**RECORDS FOR THE EXERCISE:**
^^^^^^^^^^^^^^^^

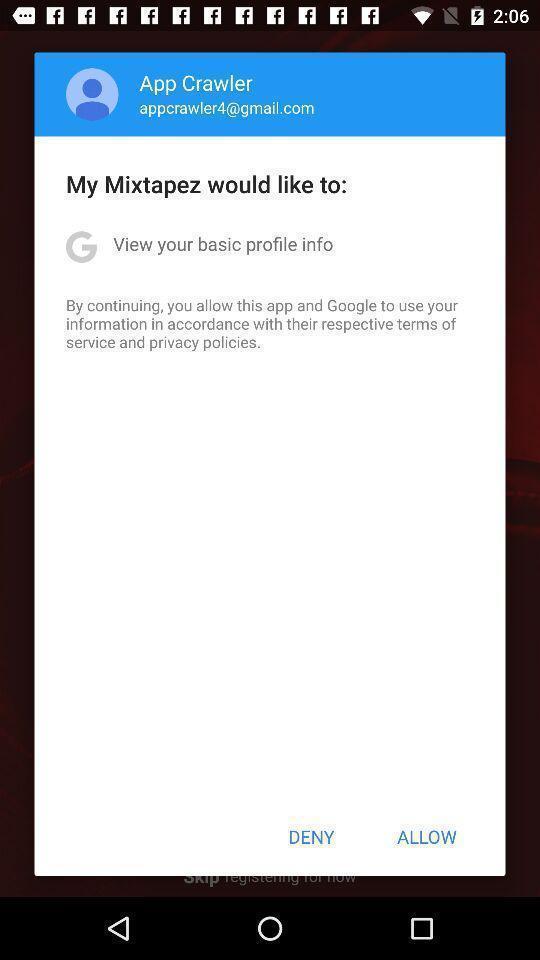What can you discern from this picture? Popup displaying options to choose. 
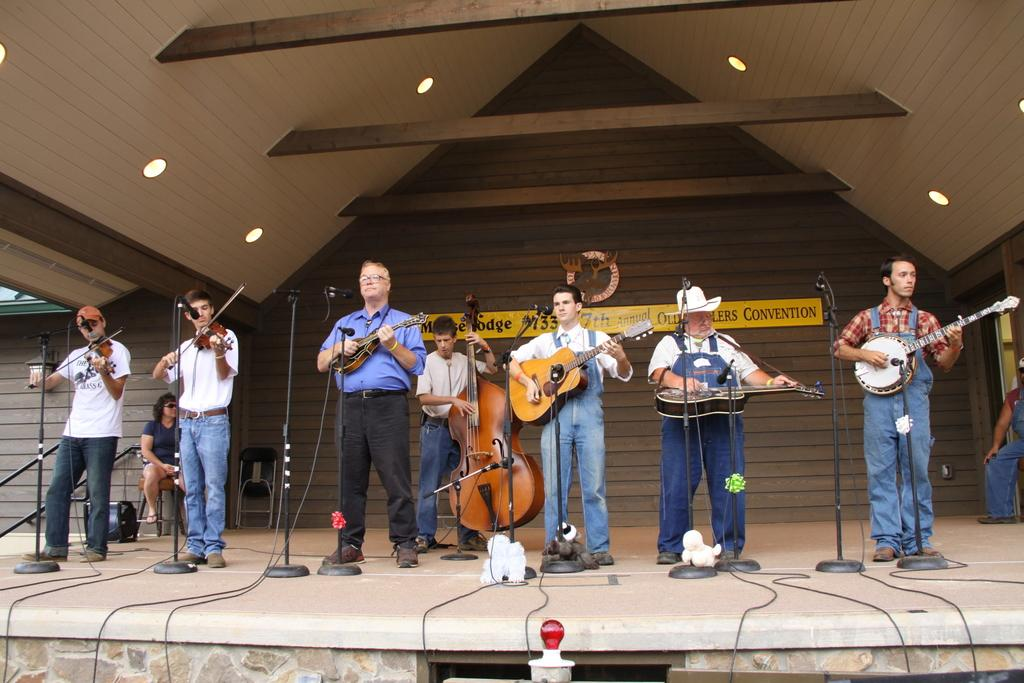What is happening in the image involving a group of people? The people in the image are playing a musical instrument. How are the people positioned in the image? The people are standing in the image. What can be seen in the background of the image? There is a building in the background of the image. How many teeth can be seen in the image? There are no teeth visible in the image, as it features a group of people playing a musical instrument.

^^^^^^^^^^^^^^^^

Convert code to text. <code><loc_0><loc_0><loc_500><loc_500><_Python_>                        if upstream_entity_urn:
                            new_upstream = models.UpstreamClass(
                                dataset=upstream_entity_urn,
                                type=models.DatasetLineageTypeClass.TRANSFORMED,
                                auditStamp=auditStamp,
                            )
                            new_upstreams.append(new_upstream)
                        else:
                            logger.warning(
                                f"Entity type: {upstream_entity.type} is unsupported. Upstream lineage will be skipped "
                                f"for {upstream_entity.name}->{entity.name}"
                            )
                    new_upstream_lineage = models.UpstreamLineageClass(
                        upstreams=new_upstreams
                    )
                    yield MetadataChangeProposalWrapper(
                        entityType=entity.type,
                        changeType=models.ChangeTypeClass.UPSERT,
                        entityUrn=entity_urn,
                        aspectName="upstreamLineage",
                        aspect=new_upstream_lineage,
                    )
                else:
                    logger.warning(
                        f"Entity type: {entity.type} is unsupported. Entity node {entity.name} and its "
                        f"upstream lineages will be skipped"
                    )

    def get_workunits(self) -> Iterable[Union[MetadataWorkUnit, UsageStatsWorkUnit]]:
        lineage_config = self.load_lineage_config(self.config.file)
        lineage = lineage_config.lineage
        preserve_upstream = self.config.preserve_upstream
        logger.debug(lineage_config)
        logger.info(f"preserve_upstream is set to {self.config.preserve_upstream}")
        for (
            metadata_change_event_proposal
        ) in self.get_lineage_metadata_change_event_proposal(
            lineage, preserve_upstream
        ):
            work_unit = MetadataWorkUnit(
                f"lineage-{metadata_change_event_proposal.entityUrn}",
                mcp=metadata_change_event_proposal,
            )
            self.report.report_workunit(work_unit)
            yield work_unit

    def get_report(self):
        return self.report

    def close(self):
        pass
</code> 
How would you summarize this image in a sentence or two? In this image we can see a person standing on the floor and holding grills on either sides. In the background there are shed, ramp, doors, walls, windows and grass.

^^^^^^^^^^^^^^^^

**WHAT IS BEING ASKED:** Find every line in the records that holds the word "yield", then state the count alone.

**SOLUTION FOR THIS PROBLEM:** 2